As a critical Ethereum implementation (EIP-1559) inches closer, several Ethereum miners have expressed their concerns about the update. Discussions regarding the update took place in the #1559-fee-market thread of the Eth R&D Discord channel this week. Some miners contested the update, pointing to the risk of centralization and attacks.

EIP-1559 update involves burning gas fees and it hopes to reduce the spikes when the network is congested. According to a Crypto Briefing report, Tim Beiko, a coordinator for the various implementers and researchers working on EIP-1559, explained how the update would benefit the network. 

It makes it easier for transactions to be included. First, it makes the price a transaction should pay to be included explicit in the protocol, by having the ‘base fee’ in the block header. It also allows blocks to be up to ‘200%’ full, meaning on average blocks have room for marginal transactions, which means that your transaction is included quicker than today.

The “base fee” (the minimum a transaction needs to pay to be included in a block) also needs to be burned to avoid manipulation. Hence, when the demand for transactions increases, so does the amount burned. It creates deflationary pressure that Beiko refers to as an “ETH buyback” for holders.

Miners have opposed the update as they would lose revenue from part of the transaction fees being burned. To this, Beiko said that they’ll “still receive the full block rewards, as well as ‘tips’ for each transaction.” Some of the miners claimed that the update would make the network more centralized. According to their theory, when mining becomes less profitable for users (once gas fees are burned), it could be dominated by a small number of entities with larger-scale mining infrastructure. 

To this, Beiko noted:

It’s been proven (in Tim Roughgarden’s analysis) that 1559 doesn’t make collusion or attacks easier. While it would be a problem if 51% of miners opposed the update, a proof-of-work network would also lose security if over 51% of miners were able to collude.

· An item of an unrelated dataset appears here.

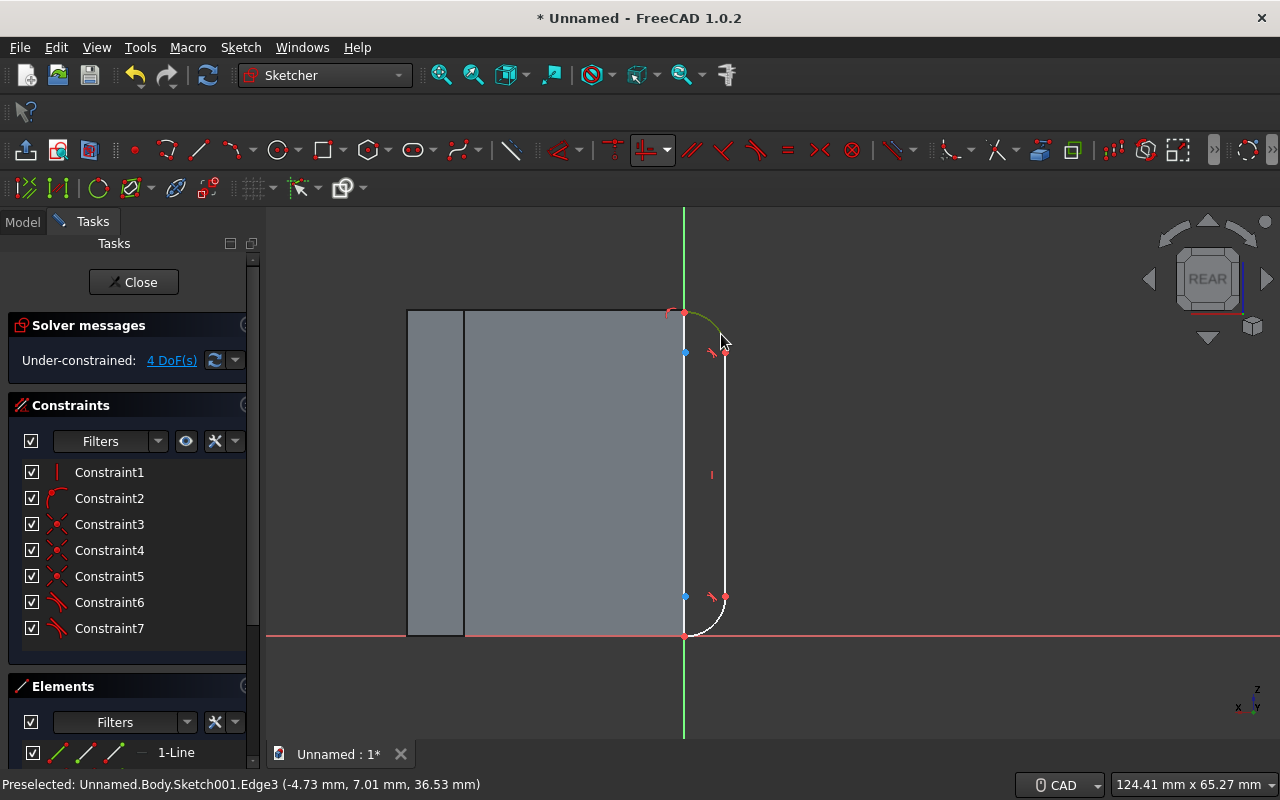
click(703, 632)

Many of the Ethereum community members appear to agree with Beiko. By reducing the supply of tokens with EIP-1559, ETH holders benefit from the asset becoming more scarce and the long-term security it brings to the network, as per the Crypto Briefing report. 

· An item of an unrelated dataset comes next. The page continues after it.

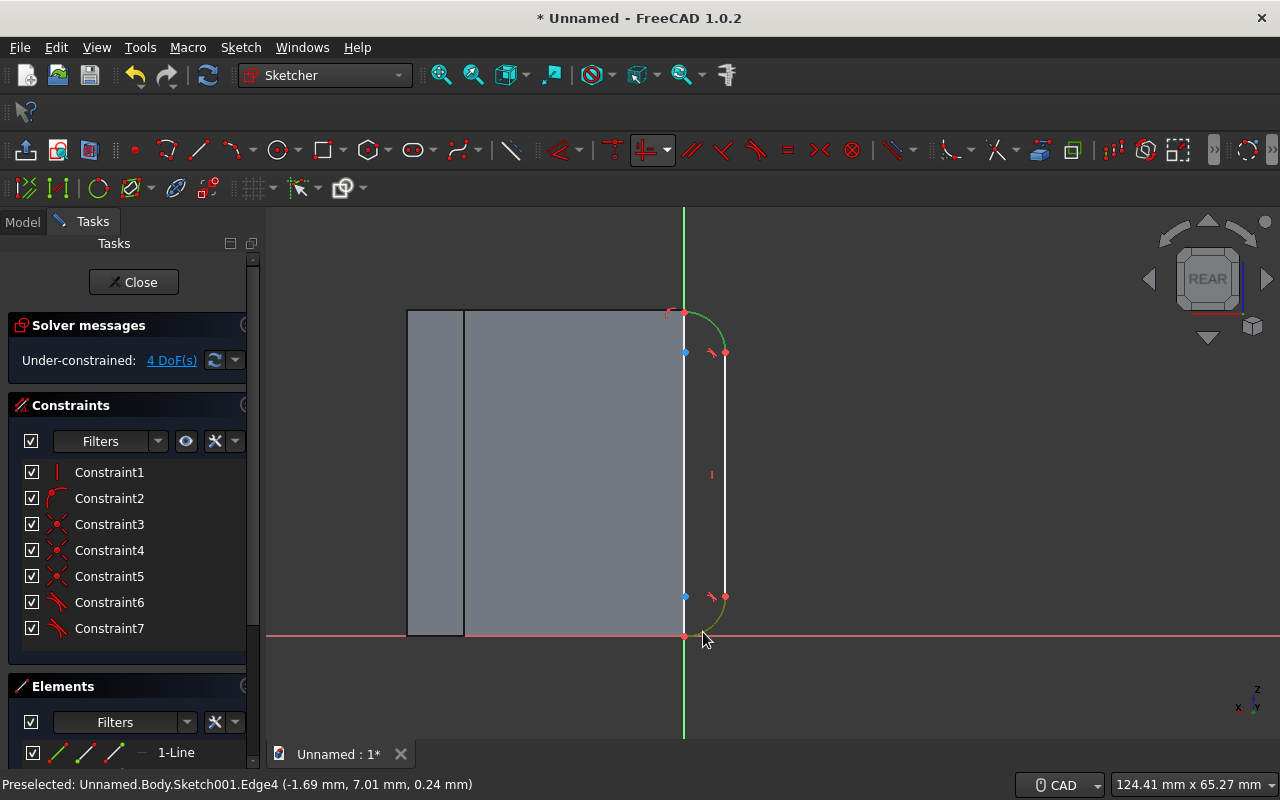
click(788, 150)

Ethereum 2.0 Validators Cross 60K

According to Beacon Chain, the number of validators on the Ethereum 2.0 network has surpassed 60,000 in only six weeks of being live. Ethereum community’s Josh Stark noted this milestone, and he compared the ETH 2.0 validator numbers with other blockchains. 

Stark used the data from Coin98 Analytics to compare the number of validators on ETH 2.0 with others. Of the ten rival chains analyzed, Avalanche was the next highest with a reported 716 validators. While Tezos has 496 validators, Polkadot has 288. 

According to the Launchpad dashboard, the amount of ETH currently staked in the deposit contract for ETH 2.0 is 2.46 million (2.16% of the entire supply). While the supply fraction does not sound like a lot, it is worth noting that this ETH cannot be sold and has been effectively locked away for at least a year. 

It will only re-enter circulation when Phase 1.5 of the Serenity upgrade merges the ETH 1.0 chain with ETH 2.0. Stakers are currently earning a 10% annual yield on ETH, which has increased in value by 83% since the Beacon Chain was launched. For a blockchain that isn’t doing anything yet, ETH 2.0 appears to be already way ahead of its competitors.


Ethereum Price is Expected To Hit What Level?

If the Ethereum price manages to break above the $1,250 resistance barrier, they lack strong obstacles on the path back to $1,350.